COURSE INTRODUCTION

WEEK 1 NOTES

Author

Tess Vu

Published

September 8, 2025

KEY CONCEPTS LEARNED

  • Main Concepts
    • Data science skills and public policy knowledge are often used in tandem, the latter of which inherently possesses massive quantifiable and qualitative data, so data science concepts and tools are important to clean, wrangle, and make all the big data easier to understand for people who are familiar with the technical and political intricacies behind them, and especially for people who are unfamiliar with it all. Communicating this crossover is crucial to inform constituents and government representatives on existing or creating local, state, and/or federal legislation.
    • Reproducible research is important, which means consistent and concise documentation, relevant file and variable naming, pushing updates with change comments. A little goes a long way, commit little changes constantly to avoid large commits that take time to look through and debug.
    • Applying technical skills to public issues, which not only means making details as transparent as possible, but also utilizing accessible and open-source software and other tools that many communities and individuals can use and pull from.
  • Technical Skills
    • Syntax and semantic familiarity with R and Markdown
    • Keeping track of folder paths for organization.
    • Consistent notation in script files for documentation.
    • Crafting relevant and readable variable names for external audiences.
    • Repitition is the mother of learning for programming languages.

CODING TECHNIQUES

  • “group_by()” and “summarize()” functions go hand-in-hand to essentially isolate specific pockets of data within the tables and derive certain calculations from them, like averages, medians, standard deviations, etc.
  • “select()” and “filter()” functions are for columns and rows, respectively, and are inverted in ArcGIS.
  • “mutate()” function is used to create new variables, specifically new columns or modifying existing columns in data frames.
  • Quarto combines multiple languages and makes it readable, so familiarity with using Markdown to format websites and communicate visualization and data is important.

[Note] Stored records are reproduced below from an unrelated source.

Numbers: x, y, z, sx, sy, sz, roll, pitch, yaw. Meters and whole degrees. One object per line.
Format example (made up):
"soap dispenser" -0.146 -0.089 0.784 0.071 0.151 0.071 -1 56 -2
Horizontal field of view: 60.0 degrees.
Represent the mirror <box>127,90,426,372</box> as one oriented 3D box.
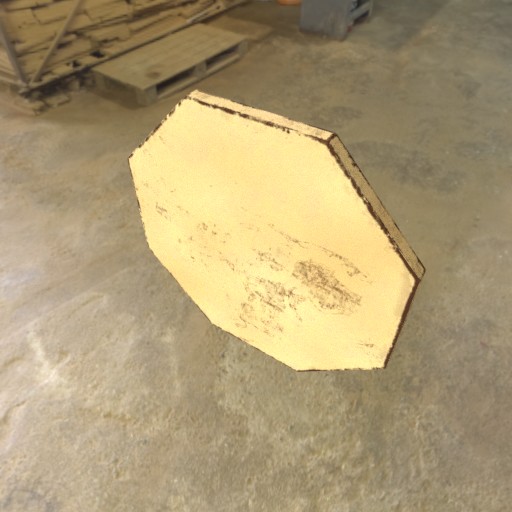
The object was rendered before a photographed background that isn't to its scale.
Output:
"mirror" 0.000 0.000 0.938 0.648 0.648 0.031 25 50 23
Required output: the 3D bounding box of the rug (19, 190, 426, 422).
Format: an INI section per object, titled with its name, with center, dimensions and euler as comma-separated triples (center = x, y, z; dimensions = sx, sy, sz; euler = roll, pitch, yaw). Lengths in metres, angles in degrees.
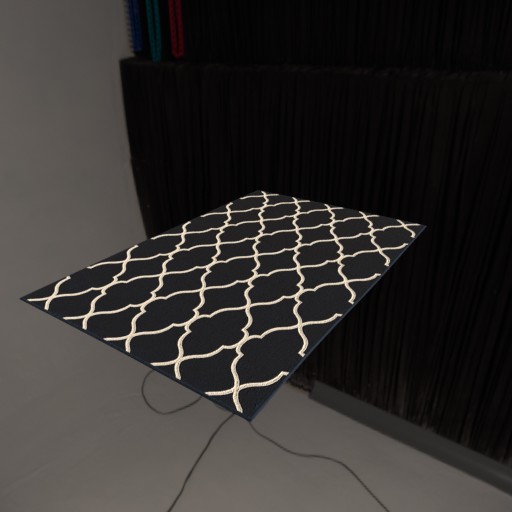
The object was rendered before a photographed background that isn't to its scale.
[rug]
center = 0.000, 0.000, 2.845
dimensions = 1.528, 0.014, 2.294
euler = 17, 31, 30
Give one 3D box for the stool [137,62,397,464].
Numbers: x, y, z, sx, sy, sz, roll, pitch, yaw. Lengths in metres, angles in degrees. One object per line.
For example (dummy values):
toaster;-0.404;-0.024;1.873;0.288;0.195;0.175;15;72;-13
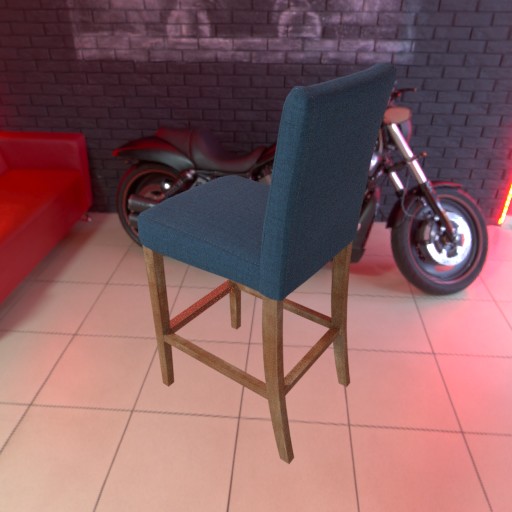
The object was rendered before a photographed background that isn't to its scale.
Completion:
stool;0.000;0.000;1.348;0.574;1.088;0.454;21;37;31
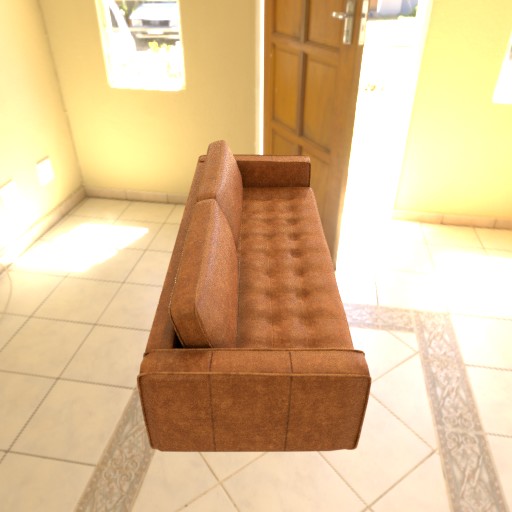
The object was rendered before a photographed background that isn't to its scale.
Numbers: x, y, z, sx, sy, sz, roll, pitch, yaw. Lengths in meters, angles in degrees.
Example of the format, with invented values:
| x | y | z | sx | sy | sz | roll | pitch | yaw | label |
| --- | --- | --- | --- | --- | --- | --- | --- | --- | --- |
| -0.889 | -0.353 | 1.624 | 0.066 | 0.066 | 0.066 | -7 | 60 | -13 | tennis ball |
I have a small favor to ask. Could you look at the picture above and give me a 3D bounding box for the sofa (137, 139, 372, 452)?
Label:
| x | y | z | sx | sy | sz | roll | pitch | yaw | label |
| --- | --- | --- | --- | --- | --- | --- | --- | --- | --- |
| 0.000 | 0.000 | 2.591 | 0.886 | 0.779 | 2.199 | 0 | 34 | 0 | sofa |
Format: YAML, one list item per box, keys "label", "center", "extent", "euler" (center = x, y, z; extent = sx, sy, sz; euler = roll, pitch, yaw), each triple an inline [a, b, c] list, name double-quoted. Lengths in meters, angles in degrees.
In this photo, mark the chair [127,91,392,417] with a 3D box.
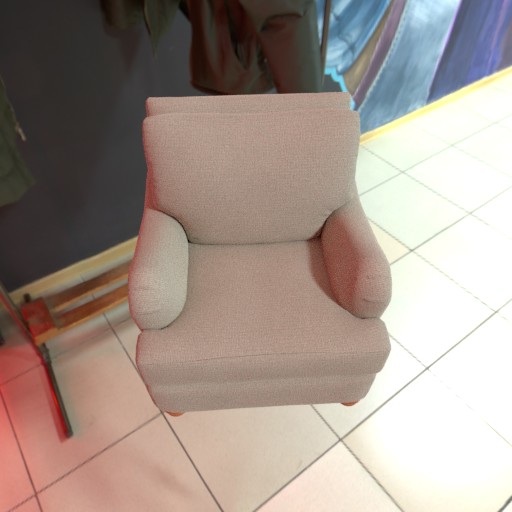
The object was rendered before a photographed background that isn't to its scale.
- label: "chair"
  center: [0.000, 0.000, 1.894]
  extent: [0.955, 1.038, 1.070]
  euler: [-3, 47, -2]
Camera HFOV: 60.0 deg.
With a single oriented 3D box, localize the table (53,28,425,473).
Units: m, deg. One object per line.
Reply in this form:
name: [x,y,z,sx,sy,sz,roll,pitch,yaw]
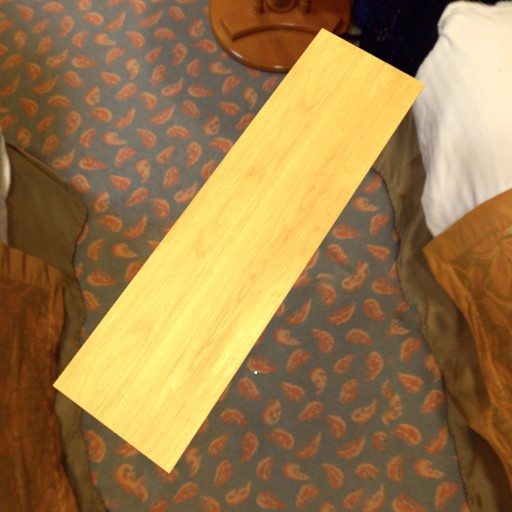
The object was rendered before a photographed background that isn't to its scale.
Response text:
table: [0.000,0.000,1.526,0.350,0.730,1.240,33,78,8]

Don’t shy away from playing with bold, italics, embedding links and images, etc. to refine portfolio design.

QUESTIONS & CHALLENGES

  • What happens in the background when rendering in Quarto, why can’t the website be deployed just from the GitHub website? Is it to establish the “docs” folder when doing it locally, because there was an error where the folder didn’t exist when trying to publish the portfolio just from the website.
  • Need more practice with understanding local and GitHub file structures and how they relate to one another as well as R functions. There’s a basic understanding with coding syntax and semantics, but what complexities occur in the background with data storage and the abstractness of it?

CONNECTIONS TO POLICY

  • There’s a great potential for using predictive analytics to provide useful information and turn it into public-serving action, but they’re also tools that can be purposefully or unintentionally misused to exacerbate biases and existing social stratification, like predictive analytics for crime and policing.
  • Data science is useful for cleaning raw data, which will inevitably be collected in massive numbers due to the inherently large nature of cities and people.

REFLECTION

  • The most interesting part was adjusting and troubleshooting conflicts and errors encountered with GitHub, R, and Markdown, which is integral to real-life circumstances using data science tools.
  • Individually using GitHub will provide the skills to collaboratively work on it with others, because applying these skills is often done in a group due to the collective nature of public and urban policy, and if not in a group, it will inevitably be shared with an audience.
  • Trial and error is central to learning programming languages and holistically understanding how different data, files, and functions tie-in and work together. When coming across issues with getting the notes page to publish and show, much of the journey was adjusting file locations and syntax around the .qmd and .yml files.